As farewell notes go, it reads more like the work of a swashbuckling war correspondent than a communique from Her Majesty’s diplomatic corps. There are diatribes against corrupt politicians and warlords, encounters with divas and rappers, and even a gleeful tale of being offered a buttock implant.

Yet it comes not from the pen of some modern-day Hemingway but Tom Fletcher, Her Majesty’s Ambassador to Lebanon, whose colourful valedictory notice after a four-year posting has broken with centuries of HMG tradition. Not just because of its impassioned, unstuffy prose- but because people outside of the dusty corridors of the Foreign Office have bothered to read it.

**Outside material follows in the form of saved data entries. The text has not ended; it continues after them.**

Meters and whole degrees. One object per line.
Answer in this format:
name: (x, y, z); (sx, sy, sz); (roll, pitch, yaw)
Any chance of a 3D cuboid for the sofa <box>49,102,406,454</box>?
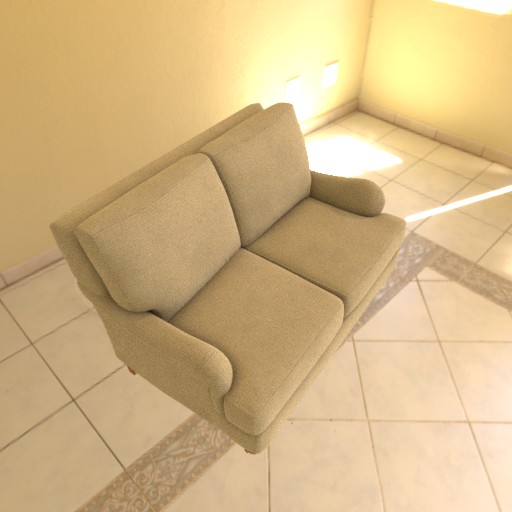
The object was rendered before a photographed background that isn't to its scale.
sofa: (0.000, 0.000, 2.254); (1.087, 0.999, 1.480); (26, 49, 25)
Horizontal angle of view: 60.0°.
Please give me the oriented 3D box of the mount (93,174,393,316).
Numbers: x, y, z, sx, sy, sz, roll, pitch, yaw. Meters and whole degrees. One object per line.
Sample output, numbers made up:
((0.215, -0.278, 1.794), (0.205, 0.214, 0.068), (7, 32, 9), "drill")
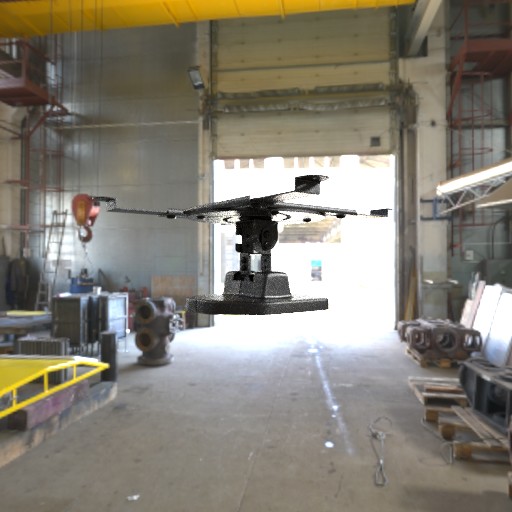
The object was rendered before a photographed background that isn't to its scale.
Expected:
((0.000, 0.000, 0.603), (0.394, 0.141, 0.394), (1, -1, -37), "mount")
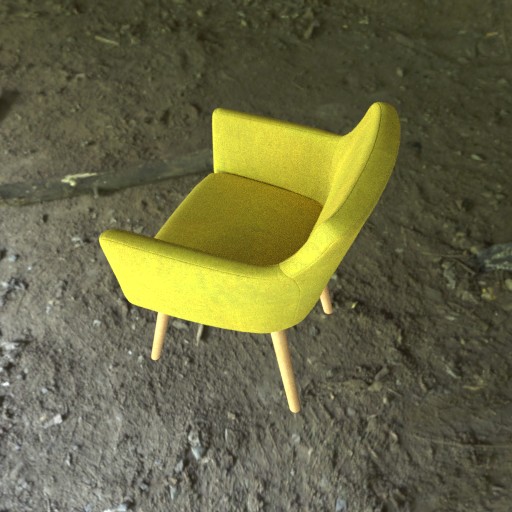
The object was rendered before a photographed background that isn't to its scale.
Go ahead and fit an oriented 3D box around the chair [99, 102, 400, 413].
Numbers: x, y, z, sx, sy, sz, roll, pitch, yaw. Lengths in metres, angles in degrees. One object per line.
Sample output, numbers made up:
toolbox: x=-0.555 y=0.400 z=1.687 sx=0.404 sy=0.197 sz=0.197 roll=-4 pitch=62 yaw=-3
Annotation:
chair: x=0.000 y=0.000 z=1.184 sx=0.570 sy=0.780 sz=0.570 roll=16 pitch=49 yaw=15

In contrast to the vast majority of articles written by serving ambassadors, most of which are studies in inoffensive blandness, Mr Fletcher’s punchy recollections on his time have proved a huge hit in Lebanon since he published them last week.

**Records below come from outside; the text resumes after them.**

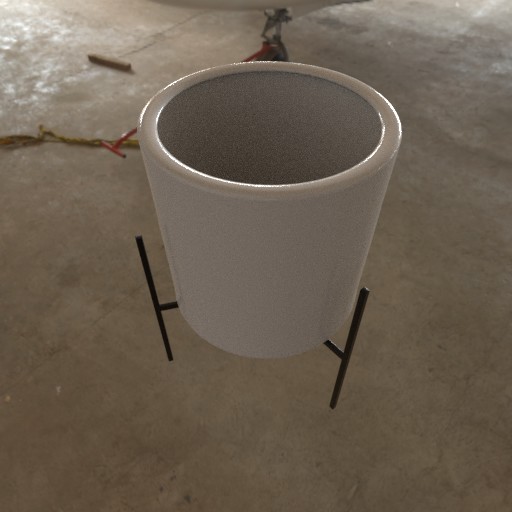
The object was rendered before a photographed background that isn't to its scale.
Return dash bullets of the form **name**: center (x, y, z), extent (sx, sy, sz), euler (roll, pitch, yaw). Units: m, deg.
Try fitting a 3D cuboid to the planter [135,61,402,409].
- **planter**: center (0.000, 0.000, 0.627), extent (0.308, 0.431, 0.307), euler (-11, 47, -10)
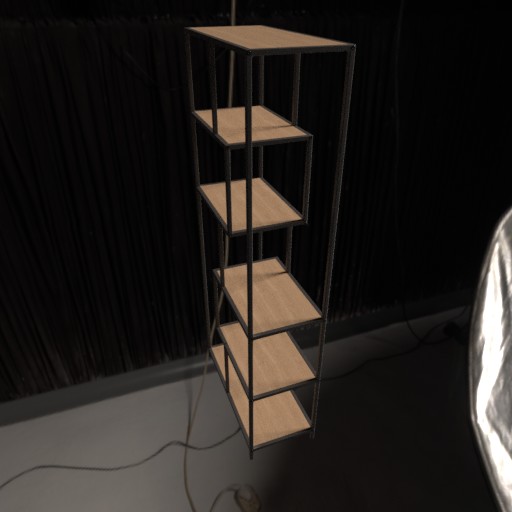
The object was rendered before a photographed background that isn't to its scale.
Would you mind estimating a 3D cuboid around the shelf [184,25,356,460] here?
[{"bbox_3d":[0.000,0.000,2.062,0.350,1.850,0.770,-11,33,-18],"label":"shelf"}]
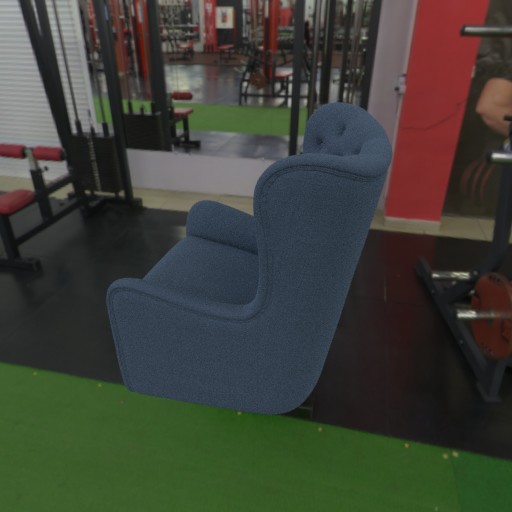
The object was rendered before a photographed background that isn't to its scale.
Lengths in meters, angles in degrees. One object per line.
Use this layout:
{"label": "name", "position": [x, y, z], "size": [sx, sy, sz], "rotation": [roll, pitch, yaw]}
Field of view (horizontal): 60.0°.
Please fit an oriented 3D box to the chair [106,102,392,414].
{"label": "chair", "position": [0.000, 0.000, 1.782], "size": [0.930, 1.079, 0.831], "rotation": [8, 30, 14]}
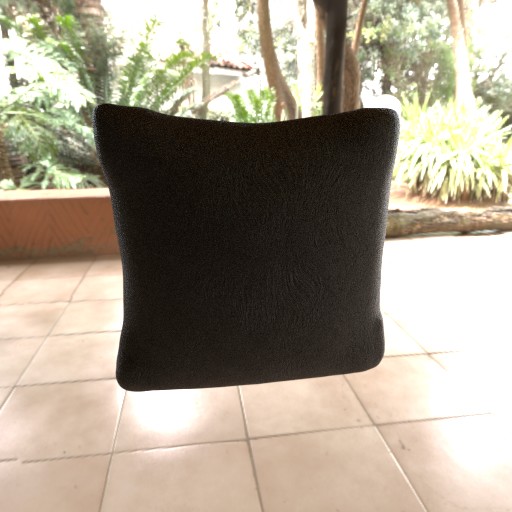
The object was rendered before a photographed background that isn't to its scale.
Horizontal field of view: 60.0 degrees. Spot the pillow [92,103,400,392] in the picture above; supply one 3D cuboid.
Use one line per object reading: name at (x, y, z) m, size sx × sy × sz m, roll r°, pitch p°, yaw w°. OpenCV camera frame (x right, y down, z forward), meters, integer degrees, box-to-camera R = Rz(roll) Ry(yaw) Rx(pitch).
pillow at (0.000, 0.000, 0.805) m, size 0.533 × 0.523 × 0.210 m, roll -3°, pitch 17°, yaw -9°
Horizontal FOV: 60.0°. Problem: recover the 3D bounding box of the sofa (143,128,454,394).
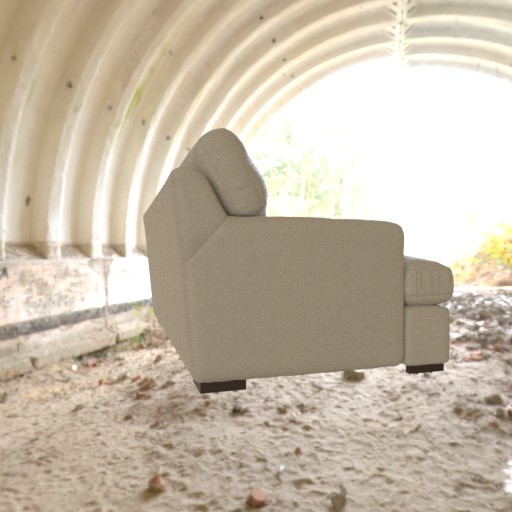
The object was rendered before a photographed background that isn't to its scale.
[{"bbox_3d":[0.000,0.000,2.491,1.143,0.940,1.880,0,0,-17],"label":"sofa"}]
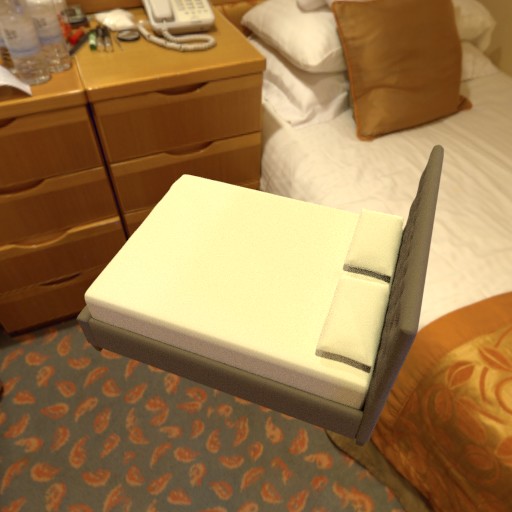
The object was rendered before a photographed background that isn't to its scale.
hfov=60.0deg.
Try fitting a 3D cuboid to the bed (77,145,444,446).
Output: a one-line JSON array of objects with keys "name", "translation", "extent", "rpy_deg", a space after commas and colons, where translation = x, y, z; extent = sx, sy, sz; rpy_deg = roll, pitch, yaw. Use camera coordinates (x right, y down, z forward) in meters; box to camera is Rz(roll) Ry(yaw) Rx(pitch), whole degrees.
[{"name": "bed", "translation": [0.000, 0.000, 3.350], "extent": [2.233, 1.426, 1.696], "rpy_deg": [15, 48, 14]}]
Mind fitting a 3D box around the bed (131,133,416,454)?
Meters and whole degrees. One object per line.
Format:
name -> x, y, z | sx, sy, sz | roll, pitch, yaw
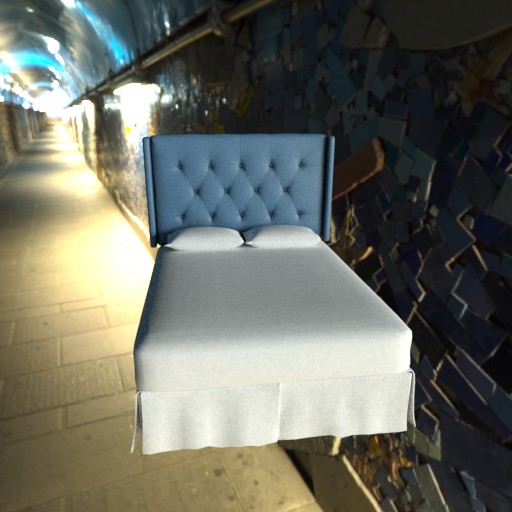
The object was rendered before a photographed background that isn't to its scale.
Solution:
bed -> 0.000, 0.000, 3.303 | 1.719, 1.665, 2.078 | -2, 18, -7
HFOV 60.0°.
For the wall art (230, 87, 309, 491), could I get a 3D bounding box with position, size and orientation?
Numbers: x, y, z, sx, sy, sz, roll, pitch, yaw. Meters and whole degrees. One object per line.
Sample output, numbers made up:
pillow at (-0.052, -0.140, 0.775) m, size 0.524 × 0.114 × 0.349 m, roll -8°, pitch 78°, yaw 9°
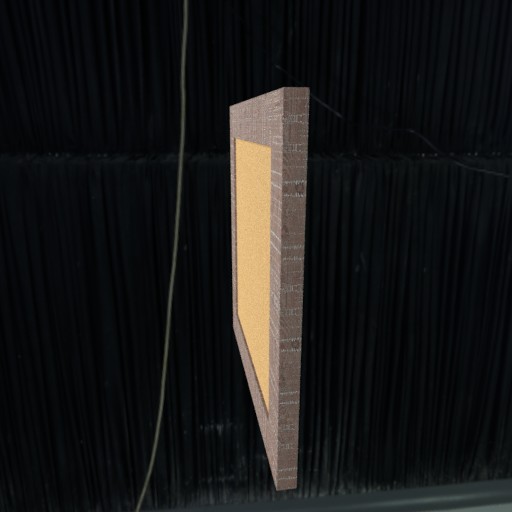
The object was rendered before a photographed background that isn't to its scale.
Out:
wall art at (0.000, 0.000, 0.800) m, size 0.029 × 0.531 × 0.531 m, roll -3°, pitch 17°, yaw -9°

His praise of the country for taking in refugees from neighbouring Syria, and for not succumbing to the war engulfing the wider region, has seen his piece go viral on the Internet, with some Lebanese even suggesting he should lead the country.

“Tom’s words are inspirational and real. I would question if a Lebanese person could speak of the country and its potential like this,” said one comment on his blog. Another added: “I would have campaigned for you to become a president ‘cos you love this country.”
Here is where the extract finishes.